* **TASK DESCRIPTION**
In the copy, keep every record exact and leave out all images.

(Records from a dataset)
- - - - - - -
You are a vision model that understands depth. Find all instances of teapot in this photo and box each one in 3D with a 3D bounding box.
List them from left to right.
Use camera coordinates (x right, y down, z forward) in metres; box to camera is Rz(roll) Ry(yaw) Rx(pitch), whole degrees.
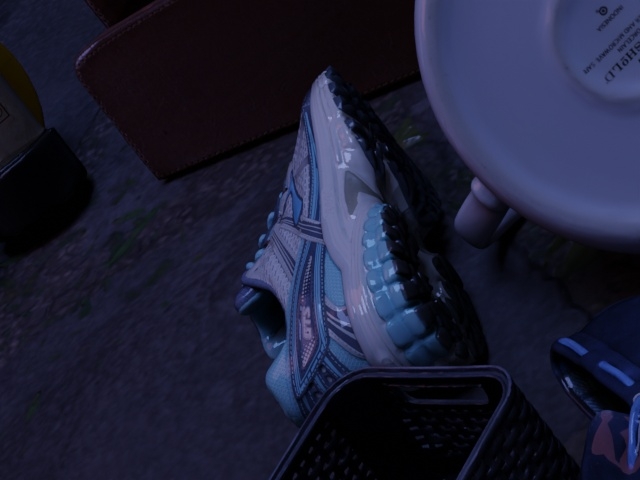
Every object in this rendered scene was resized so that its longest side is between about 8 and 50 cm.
[{"bbox_3d":[0.179,-0.116,0.999,0.256,0.252,0.187,0,12,24],"label":"teapot"}]

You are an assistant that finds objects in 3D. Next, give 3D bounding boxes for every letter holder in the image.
[{"bbox_3d":[-0.039,-0.208,1.353,0.302,0.214,0.152,-20,33,29],"label":"letter holder"}]

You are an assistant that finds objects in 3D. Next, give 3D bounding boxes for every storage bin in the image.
[{"bbox_3d":[0.031,0.151,0.885,0.122,0.084,0.180,-5,42,46],"label":"storage bin"}]

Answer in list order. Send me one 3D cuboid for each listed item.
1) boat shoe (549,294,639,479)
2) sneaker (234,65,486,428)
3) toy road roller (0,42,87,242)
[{"bbox_3d":[0.152,0.105,0.808,0.089,0.109,0.258,-17,16,3],"label":"boat shoe"},{"bbox_3d":[0.000,0.000,1.120,0.122,0.110,0.283,-34,28,14],"label":"sneaker"},{"bbox_3d":[-0.362,-0.037,1.506,0.329,0.202,0.240,-42,16,-18],"label":"toy road roller"}]
- - - - - - -
* **EXPECTED ANSWER**
You are a vision model that understands depth. Find all instances of teapot in this photo and box each one in 3D with a 3D bounding box.
List them from left to right.
Use camera coordinates (x right, y down, z forward) in metres; box to camera is Rz(roll) Ry(yaw) Rx(pitch), whole degrees.
Every object in this rendered scene was resized so that its longest side is between about 8 and 50 cm.
[{"bbox_3d":[0.179,-0.116,0.999,0.256,0.252,0.187,0,12,24],"label":"teapot"}]

You are an assistant that finds objects in 3D. Next, give 3D bounding boxes for every letter holder in the image.
[{"bbox_3d":[-0.039,-0.208,1.353,0.302,0.214,0.152,-20,33,29],"label":"letter holder"}]

You are an assistant that finds objects in 3D. Next, give 3D bounding boxes for every storage bin in the image.
[{"bbox_3d":[0.031,0.151,0.885,0.122,0.084,0.180,-5,42,46],"label":"storage bin"}]

Answer in list order. Send me one 3D cuboid for each listed item.
1) boat shoe (549,294,639,479)
2) sneaker (234,65,486,428)
3) toy road roller (0,42,87,242)
[{"bbox_3d":[0.152,0.105,0.808,0.089,0.109,0.258,-17,16,3],"label":"boat shoe"},{"bbox_3d":[0.000,0.000,1.120,0.122,0.110,0.283,-34,28,14],"label":"sneaker"},{"bbox_3d":[-0.362,-0.037,1.506,0.329,0.202,0.240,-42,16,-18],"label":"toy road roller"}]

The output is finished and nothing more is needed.